- Episode no.: Season 10 Episode 5
- Directed by: Laura Belsey
- Written by: Eli Jorné
- Cinematography by: Duane Charles Manwiller
- Editing by: Alan Cody
- Original air date: November 3, 2019
- Running time: 46 minutes

Guest appearances
- Thora Birch as Gamma / Mary; John Finn as Earl Sutton; Angel Theory as Kelly; Blaine Kern III as Brandon; Anthony Lopez as Oscar; Austin Freeman as Alex; Camille Robinson as Brianna; Virginia Newcomb as Amelia; Roman Spink as Milo; Ross Crain as Whisperer;

Episode chronology
| ← Previous "Silence the Whisperers" | Next → "Bonds" |
- The Walking Dead season 10

= What It Always Is =

"What It Always Is" is the fifth episode of the tenth season of the post-apocalyptic horror television series The Walking Dead, which aired on AMC on November 3, 2019.

==Plot==
Free from his cell, Negan gets some distance from Alexandria and finds he is being followed by Brandon, the son of a former Savior also living in Alexandria. Brandon expresses his admiration for the way Negan used to be when he ran the Saviors; he gives Negan a new bat and returns his old leather jacket, both of which Negan refuses to accept.

Yumiko receives reports that supplies have been missing. Hilltop soldier Oscar informs Kelly's deaf and mute sister Connie that Kelly, with slight hearing loss, has gotten separated from the hunting party. Daryl and Connie go to search for her but are also being followed by Magna. They eventually find Kelly near a stash of supplies that she and Magna have been taking from the Hilltop, as they do not yet fully trust the community.
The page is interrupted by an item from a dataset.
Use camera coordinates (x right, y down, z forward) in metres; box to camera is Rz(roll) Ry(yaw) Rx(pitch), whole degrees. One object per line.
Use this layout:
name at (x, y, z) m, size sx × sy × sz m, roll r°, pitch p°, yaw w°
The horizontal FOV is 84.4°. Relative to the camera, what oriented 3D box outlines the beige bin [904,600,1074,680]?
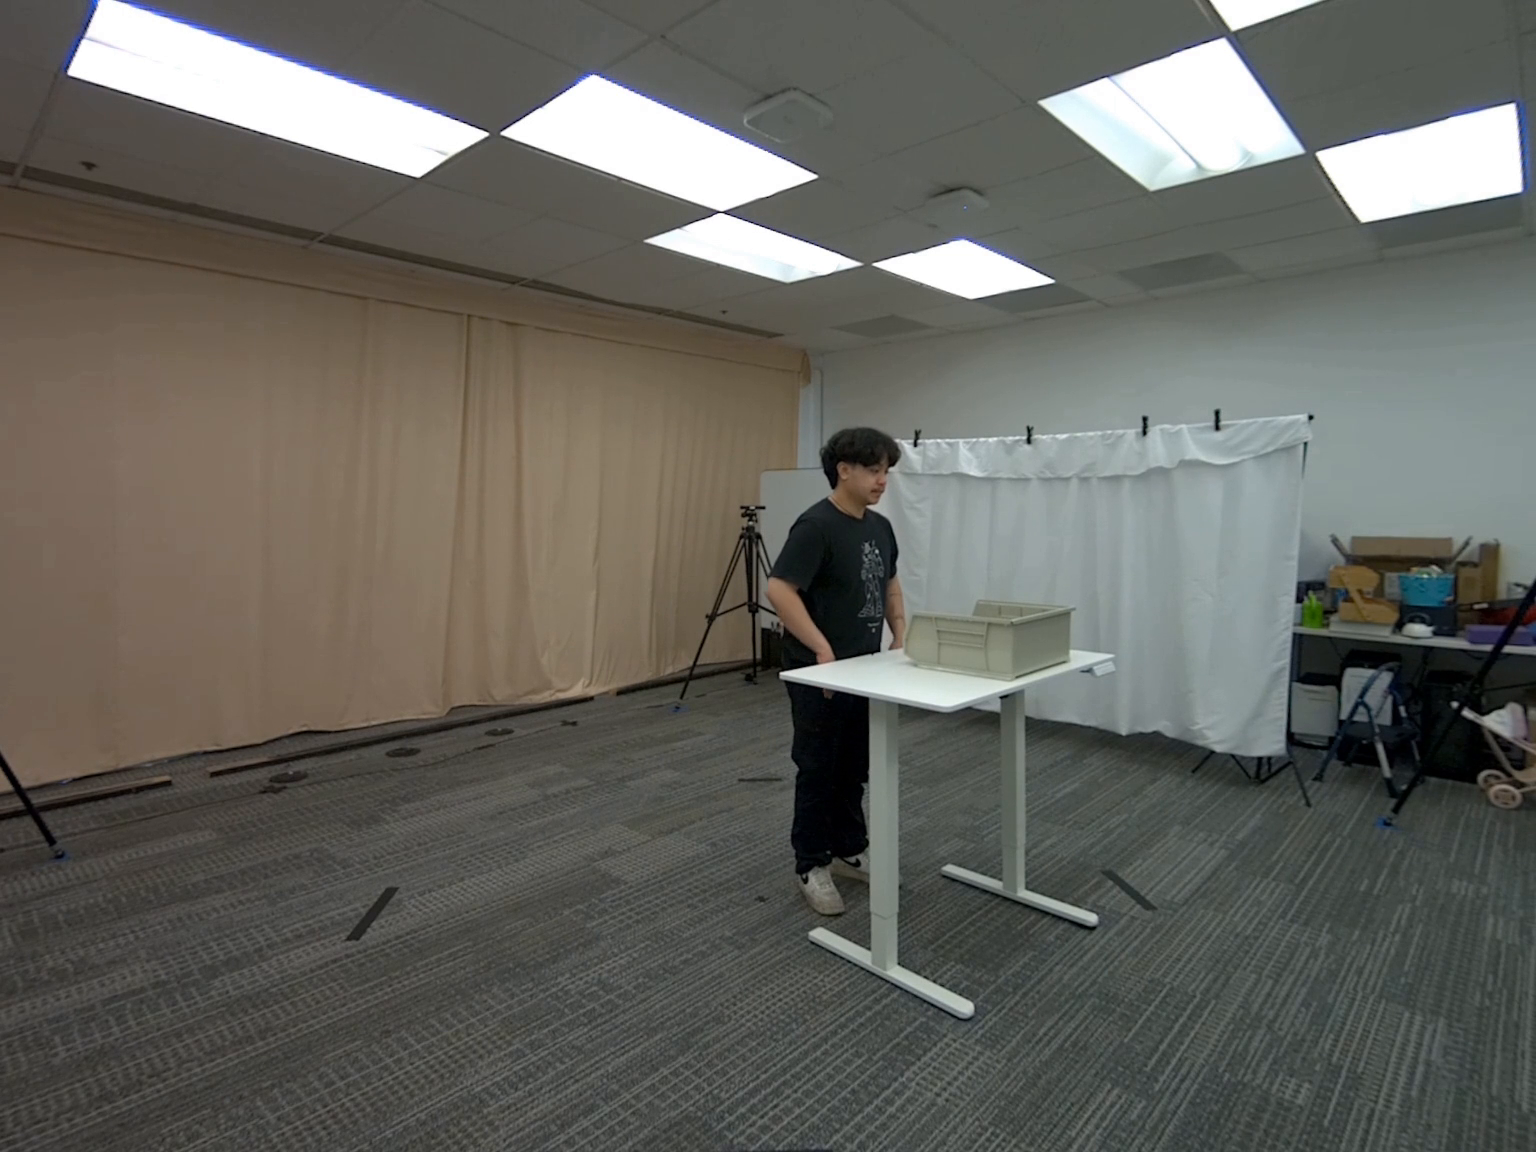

Elsewhere, Aaron, while on patrol, spots Gamma leading a walker to the river water so that its blood poisons the waters. Gamma senses someone nearby, but does not spot Aaron. She then reports back to Alpha, who tells her to be wary. Later, as Gamma leads another walker to blood-let, conflicted in where her morals lie, she cuts her hand. Aaron, who saw her, gives her a bandage; she takes it and runs off. When Gamma shows this to Alpha, she considers that Aaron may be interested in Gamma; she takes off Gamma's walker mask, suggesting she may need to use another to keep him interested.

Meanwhile, Siddiq discovers that Ezekiel has thyroid cancer and does not know how long he'll live. Though Ezekiel's grandmother and father fought off the same illness, Ezekiel is convinced that his condition is terminal in the current world which lacks modern medicine. Siddiq contacts Alexandria as he plans to return that night, but arranges for Carol to come talk to Ezekiel. However, just as Carol is about to come on, Ezekiel turns off the radio. Meanwhile Yumiko confronts Magna about the stolen supplies, as she was the one guarding the inventory; Magna denies it.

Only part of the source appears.